Interim measures and freezes

A Turkish Law Firm advising on the interim injunction insurance dispute Turkey options must explain that Turkish civil procedure provides for precautionary measures (ihtiyati tedbir) that allow a court to preserve the status quo or protect the policyholder's rights during the insurance dispute litigation—and that these measures can be particularly valuable when there is a risk that the insurer will transfer assets, change its financial position, or take other steps that might make a favorable judgment more difficult to collect during the period that the litigation takes to resolve. The precautionary measure application for an insurance payment dispute typically seeks a court order requiring the insurer to maintain a specific amount in reserve (equivalent to the disputed claim amount) pending the litigation's resolution—or, in cases where the insurer's solvency is in question, a broader asset freeze that prevents the insurer from reducing its assets below the level needed to satisfy a favorable judgment. The precautionary measure application must demonstrate: the appearance of a right (fumus boni juris—a credible legal basis for the claim); and the risk of prejudice if the measure is not granted (periculum in mora—a specific risk that delay in granting the measure will cause harm that cannot be remedied after the fact). Practice may vary by authority and year — check current guidance on the current Turkish courts' standards for granting precautionary measures in insurance payment disputes and on the specific evidence required to establish the appearance of right and risk of prejudice in insurance coverage litigation.

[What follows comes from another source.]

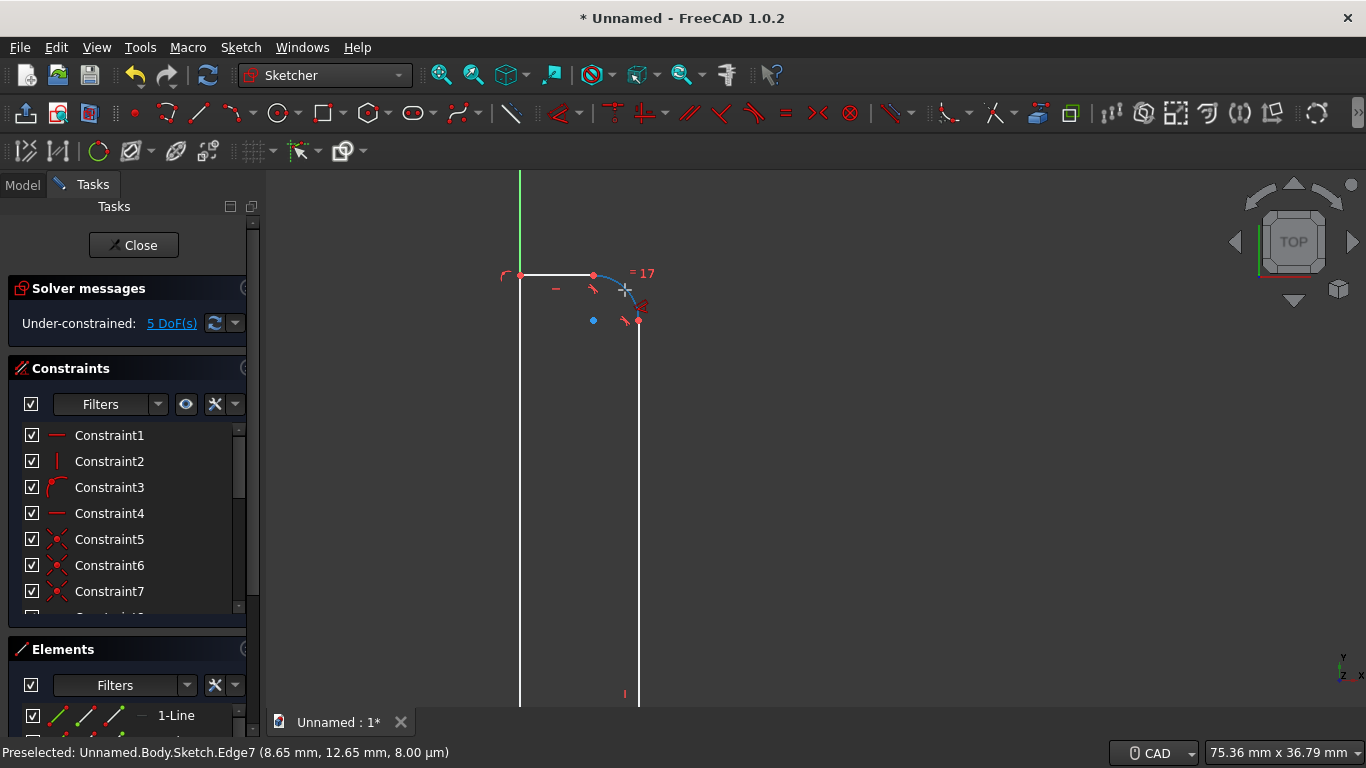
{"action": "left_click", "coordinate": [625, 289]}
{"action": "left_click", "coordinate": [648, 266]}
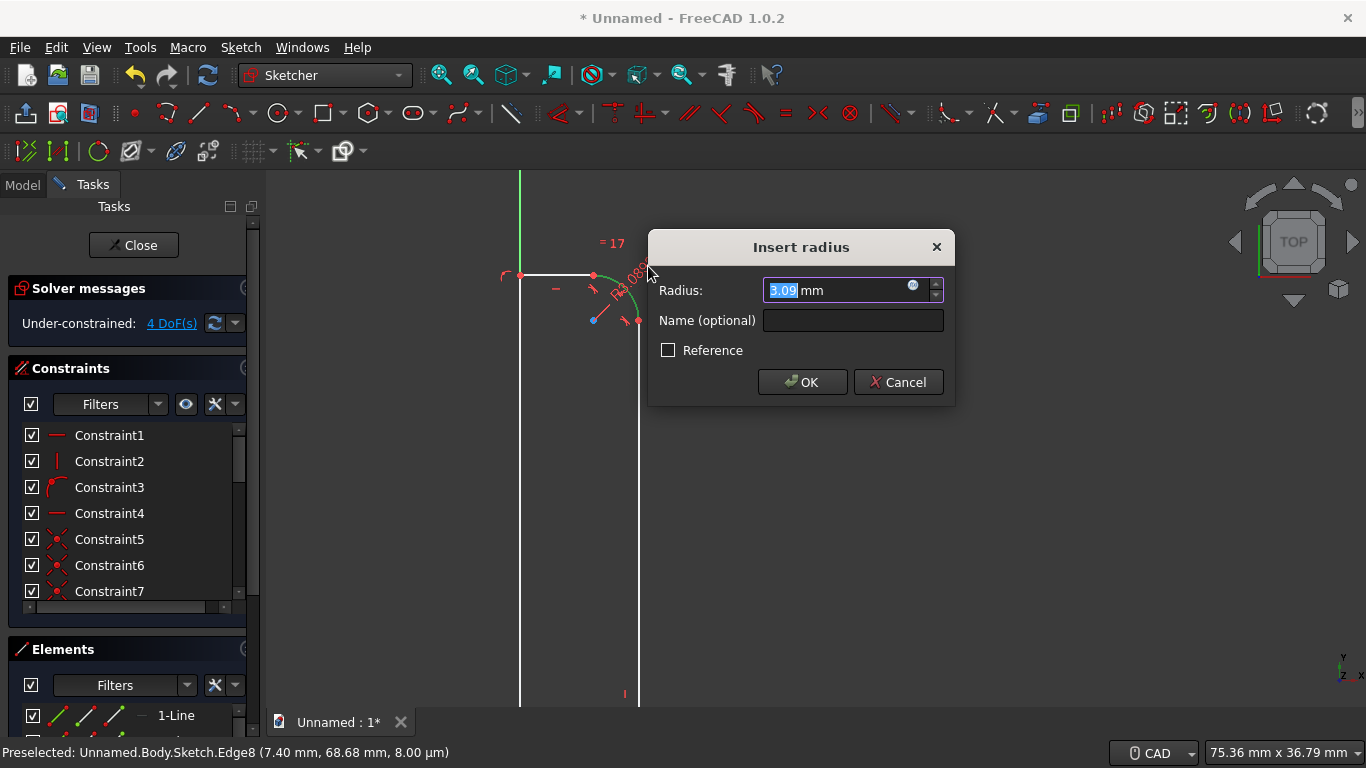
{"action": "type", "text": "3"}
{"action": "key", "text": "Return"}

The security requirement for precautionary measures—where the court requires the applicant to provide security (teminat) for any damages the respondent might suffer if the measure is subsequently found to have been improperly granted—is a specific cost consideration in the precautionary measure strategy that must be specifically assessed before the application is filed. The security amount is set by the court at its discretion, and a court that sets a high security requirement may make the precautionary measure practically unaffordable for a policyholder who does not have liquid assets readily available to post as security. Counsel advising on the precautionary measure strategy must specifically assess the likely security requirement alongside the merits of the application—because an application that succeeds on the merits but triggers a prohibitive security requirement is not a useful result. The interim measures framework applicable to insurance and commercial disputes—covering both precautionary injunctions and precautionary attachments—is analyzed in the resource on insurance litigation rights Turkey. Practice may vary by authority and year — check current guidance on the current Turkish courts' security requirements for precautionary measures in insurance disputes and on any specific security amount standards that courts in different jurisdictions typically require for insurance-related interim relief applications.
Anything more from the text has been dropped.